Another mistake is rewriting history. ADRs should capture trade-offs honestly. If the team chose the simpler option because of delivery pressure, say that. Future maintainers need reality, not a polished version of reality.
A third mistake is treating ADRs as permanent truth. Architecture evolves. When a decision changes, do not edit the old ADR until the history disappears. Mark it as superseded and write a new one.
## Status
Superseded by ADR 009: Extract billing into a separate service
The old decision still matters because it explains why the system looked the way it did at that time.
Connecting ADRs to Code Review
ADRs become most useful when they show up in everyday workflow.
Add a small section to your PR template:
## Architecture impact
- Does this PR change module boundaries?
- Does it introduce a new dependency direction?
- Does it require a new or updated ADR?
This does not need to be bureaucratic. Most PRs will answer "no". But when the answer is "yes", the team catches architecture changes before they quietly become permanent.
For larger changes, link the ADR directly in the PR description. Reviewers can evaluate the implementation and the reasoning together.
How ReposLens Helps
ReposLens cannot write your ADRs for you, but it can make the decisions easier to validate.
When you define boundaries in an ADR, ReposLens helps you see whether the code still respects them. If a shared package starts depending on a feature package, the dependency graph makes the violation visible.
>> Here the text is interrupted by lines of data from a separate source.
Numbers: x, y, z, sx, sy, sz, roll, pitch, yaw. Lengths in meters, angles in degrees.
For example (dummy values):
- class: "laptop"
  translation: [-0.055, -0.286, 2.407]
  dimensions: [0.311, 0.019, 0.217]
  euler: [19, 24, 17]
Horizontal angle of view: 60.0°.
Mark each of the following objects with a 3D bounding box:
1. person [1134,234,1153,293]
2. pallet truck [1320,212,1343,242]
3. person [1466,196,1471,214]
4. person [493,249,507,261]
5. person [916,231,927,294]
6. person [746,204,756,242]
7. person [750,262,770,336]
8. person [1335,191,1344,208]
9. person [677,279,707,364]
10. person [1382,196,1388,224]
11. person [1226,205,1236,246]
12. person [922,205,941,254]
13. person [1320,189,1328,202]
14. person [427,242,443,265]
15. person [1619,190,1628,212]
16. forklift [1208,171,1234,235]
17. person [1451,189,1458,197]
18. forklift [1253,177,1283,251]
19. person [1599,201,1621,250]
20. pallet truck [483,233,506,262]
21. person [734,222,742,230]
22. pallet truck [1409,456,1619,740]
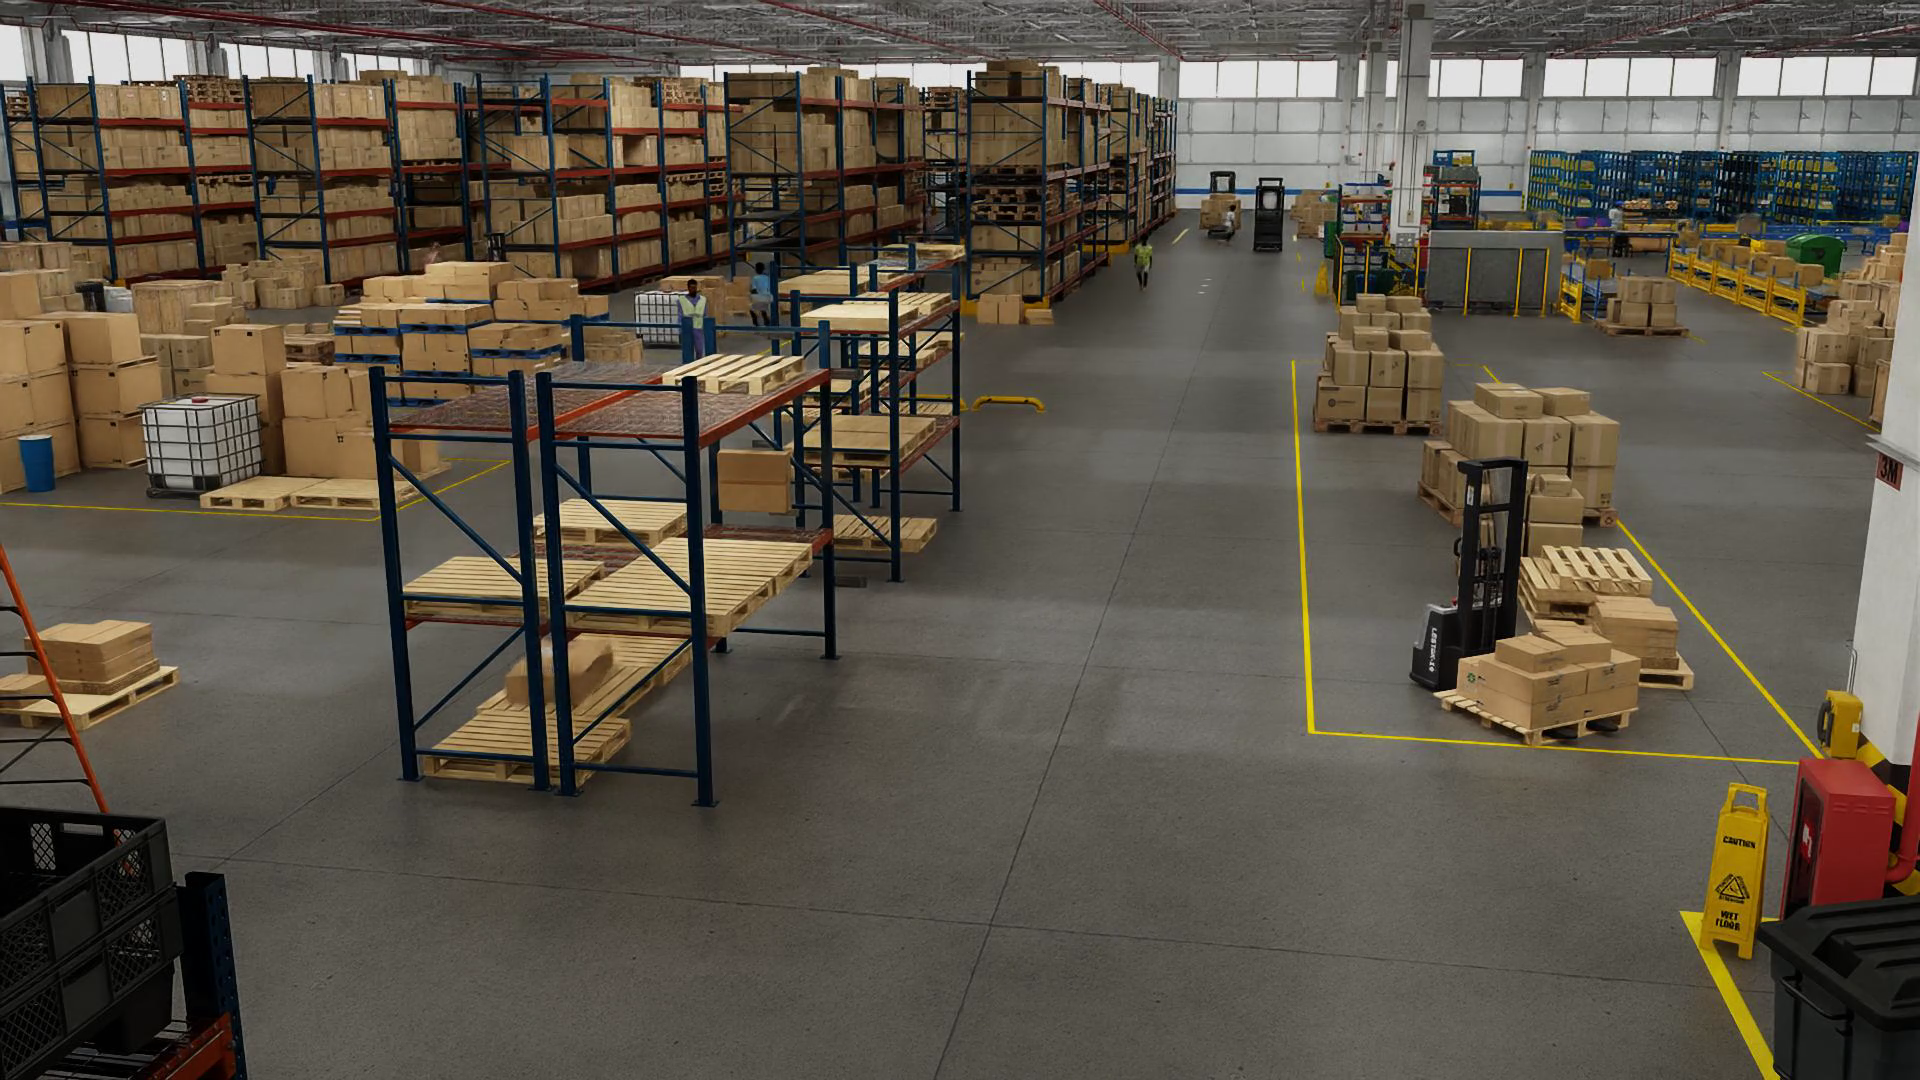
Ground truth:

If a PR introduces a new circular dependency, the architecture check can catch it before merge.
This closes the loop:
- ADRs document the intended architecture
- Dependency visualization reveals the actual architecture
- PR checks prevent accidental divergence
That combination is much stronger than documentation or tooling alone.
Start Small
You do not need to document every decision your team has ever made. Start with the next significant architecture decision.
Create docs/adr/0001-your-decision.md. Keep it under one page. Link it from the PR. Revisit it when the architecture changes.
The payoff arrives later, when someone asks why the system is shaped the way it is and the answer is not hidden in memory. It is right there, in the repository, next to the code it protects.